The lecturer took a drink of water while the projected Illusion of a woman, a man, a tree and a cheeky snake changed "slides".
"In the metaphysical sense, this is a localised belief. The Axis Mundi is, in reality, is akin to Conduits. Such Conduits form through the natural flow of energies between the Planes, derived by forces in a manner akin to estuaries, governed by nature and as such, bound by the laws of the Prime Material. For example, the Chinese have for thousands of years believed that their Middle Kingdom to be the loci of the Axis, though our history strongly disagrees with theirs. The Central Continent is a nation where trees are not venerated— likely because of the lack of Elves, or some other historical calamity. Rather, what they worship is something else. Magus Song, I believe you're well-acquainted with China since you're a Fudan alumina, what do you suppose replaced the Western tree in the Oriental psyche?"
"Er…" a husky, alluring voice piped up. "Mountains? The Five Peaks?"
"Correct." The lecturer awarded the girl with a happy clap. "Mount Heng, Mount Hua, Mount Emei, Mount Tai and Mount Huang. Each, unsurprisingly, is habited by?"
"Elder Dragons?"
"Correct again. Each is home to Wyrms— though that will be for a future lecture.

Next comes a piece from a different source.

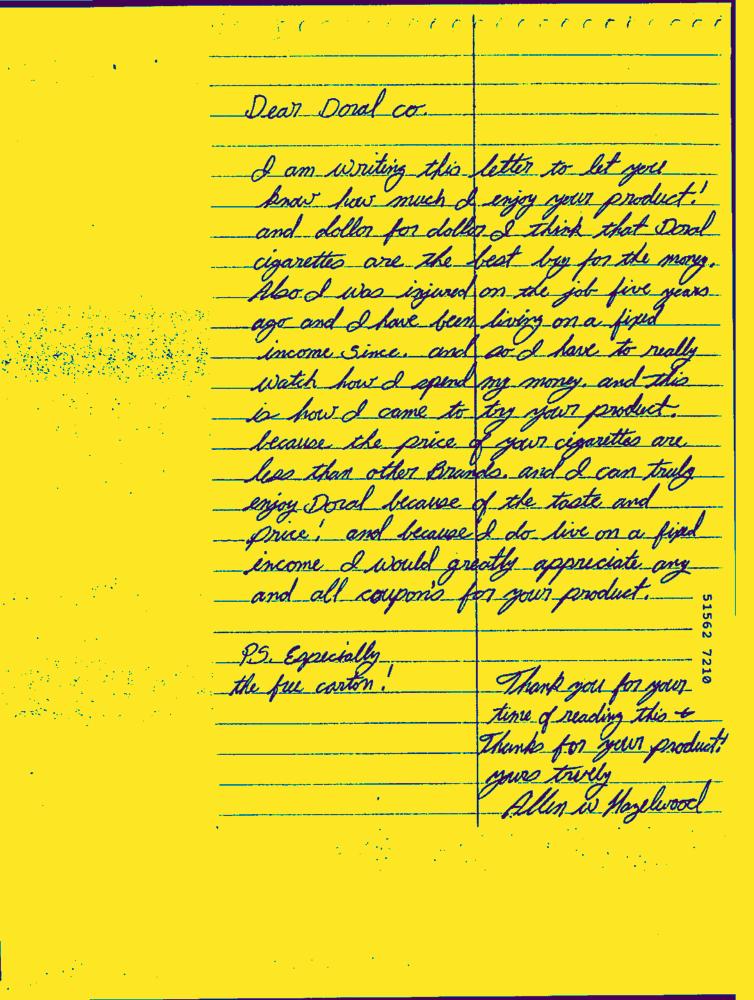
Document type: Hand-Written
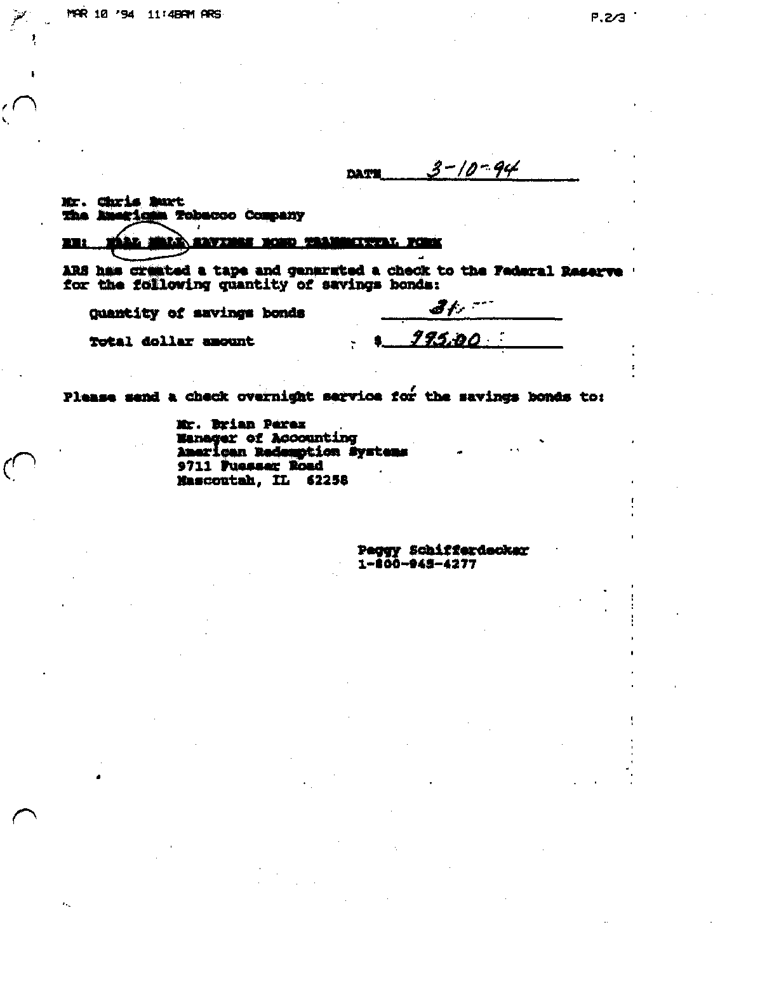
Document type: Invoice

Today, we explore the presence of Axis Mundi as folklore in Planar Theory. If we look toward regions where Elves have less impact on the cultural history of the world, Humans and Demi-humans seldom perceive of the Axis as a 'Tree'. The Japanese, for instance, believed that Mount Fuji serves as the loci ley-line for their island nation. The Teotihuacan tribe of the Aztecs built mock-mountain ziggurats and blessed them with Mage blood to attract the Quetzalcoatl to roost. The summit of Delphi, where the Oracle resides beneath the Great Olive Tree, as well, serves as a half-way example of such nodes."
"What of Demi-humans?" a voice asked from the crowd.
"In Demi-humans, the mythos of trees-as-Axis proliferate. If we look to the Spirits who dominate the Indian subcontinent through theocratic rule, then one may look to the sacred Bodhi Tree where the Magi Buddha attained Enlightenment. A radical example would be Temple Mount, north of the Fire Sea where the Elemental's sacred Flame Tree has torn open a gash into the Elemental Plane of Fire. Distressingly, the Fire Tree isn't a Pillar supporting 'our' Plane, but rather the Efreets' charred home. Finally, for the Were-folk of the Lower Niger Delta, who I am sure you've read about in the METRO, the Sacred Grove of Osun-Osogbo is yet another domain, albeit with neither mount nor tree but a low-lying rainforest. Concurrently, one should not dismiss human-made objects used for worship. The famous Pyramids, for instance, serve as 'Pillars' of Undeath that provide Necromantic mana to the Undead roaming its vicinity, as well as sustain the slumbering Pharaohs and their sleeping God-Priests."
"Are our Towers… a part of the Axis Mundi?" the Devourer of Shenyang asked from the front row.
"Excellent question." The lecturer's voice took on renewed energy as she fell into a familiar rhythm. "But that lecture is slated for week eight. First, let's continue our unpacking of Ley-lines and the pragmatic purpose of harnessing the Axis for the grand purpose of Human expansion!"